The slopes for different categories may or may not be different from baseline category (check P-values)
There are other kinds of interaction terms.
The first one we will discuss is an interaction between two QUANTITATIVE variables.
One POSSIBLE model for these data (there are many):
Two CORRECT Interpretation(s) of this interaction:
The effect of age on insurance charges differs depending on how many children you have.
The effect of number of children on insurance charges differs depending your age.
Which interpretation the analyst emphasizes depends on the question being addressed.
Two Questions about Evaluating Interaction Terms:
How do we decide if ANY interaction term should stay in the model?
How do we attain estimates from a model with a qunatitative interaction?
Example: If a person is 48, has a BMI of 26 and has 3 children, what is the estimate of their insurance changes in dollars (NOT the LN of their charges)?
Session ID: bua345s24
Based on the R MLR output shown, is the interaction between Age and Number of Children useful in explaining differences in Insurance Charges?
Session ID: bua345s24
Using this model, what is estimated insurance charge for 45 year old with a BMI of 26 and 2 children? Round to closest whole dollar.
Calculation can be done in R or by hand.
Age = 45
BMI = 26
Children = 2
Age*Children = 45*2 = 90
On the next slide I demonstrate how to do this in R using the saved model.
Age <- 45 # specify values using variable names in model
BMI <- 26
Children <- 2
# new_obs is 1 row dataset
(new_obs <- tibble(Age, BMI, Children))
# A tibble: 1 × 3
Age BMI Children
<dbl> <dbl> <dbl>
1 45 26 2
(new_obs <- new_obs |> # add regression estimate
mutate(est_ln_Charges = lm(insure_model1) |> predict(new_obs)))
# A tibble: 1 × 4
Age BMI Children est_ln_Charges
<dbl> <dbl> <dbl> <dbl>
1 45 26 2 9.31
In the above model, all included terms appear to be useful to the model. Is the interaction between Age and BMI also useful to the model?
Examine the model output to answer this question.

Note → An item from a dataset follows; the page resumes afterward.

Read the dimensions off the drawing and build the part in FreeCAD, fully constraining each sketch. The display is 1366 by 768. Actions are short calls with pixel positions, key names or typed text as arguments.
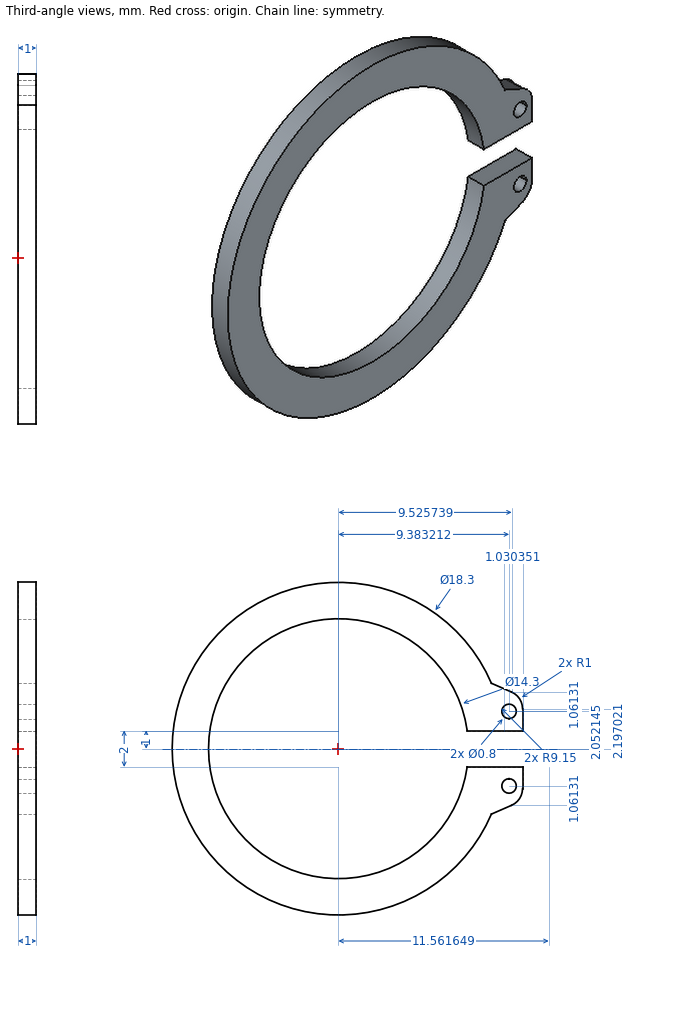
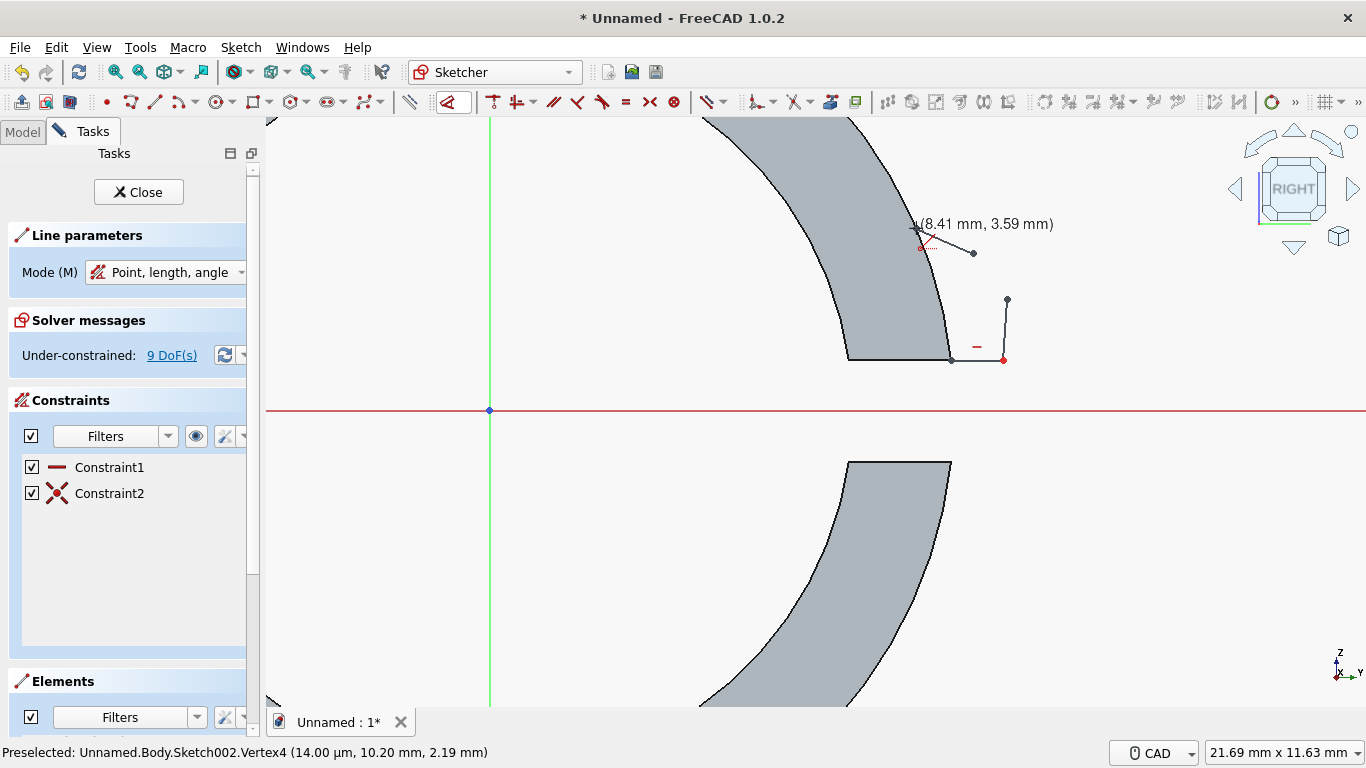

Previous slides show two possible models for these data. There are 63 possible models with these X variables and all two way interactions.
Today we will discuss Adjusted \(R^2\) as one option to compare different models (We will cover other model comparison measures soon).
Adjusted \(R^2\) adjusts \(R^2\) DOWNWARD by adding a penalty for additional predictor variables.
\(R^2\) (unadjusted) should NOT be used to compare MLR models.
Adding predictors will always increase \(R^2\), even if predictors are not useful.
Instead we adjust: We penalize model \(R^2\) for each additional variable added.
Adjusted \(R^2\) only increases if model fit improvement exceeds penalty for adding terms.
P-values for each term and change in Adjusted \(R^2\) often agree (but not always)
As P, number of predictors increases, the penalty increases.
Adjusted \(R^2 = 1 - \frac{(1-R^2)(n-1)}{n-P-1}\)
Students are not required to memorize this equation but you should understand what it is doing.
\(R^2\) ALWAYS increases as number of X variables increases.
Adjusted \(R^2\) ONLY increases if X variable is useful to model.
No. of Predictors | Predictors | \(R^2\) | Adjusted \(R^2\) |
---|---|---|---|
1 | Age | 0.2786 | 0.2781 |
1 | Children | 0.0260 | 0.0253 |
1 | BMI | 0.0176 | 0.0169 |
2 | Age Children | 0.2979 | 0.2969 |
2 | Age BMI | 0.2843 | 0.2832 |
3 | Age BMI Children | 0.3035 | 0.3019 |
4 | Age BMI Children Age:Children | 0.3075 | 0.3054 |
4 | Age BMI Children Age:BMI | 0.3046 | 0.3025 |
4 | Age BMI Children BMI:Children | 0.3036 | 0.3015 |
\(R^2\) ALWAYS increases as number of X variables increases.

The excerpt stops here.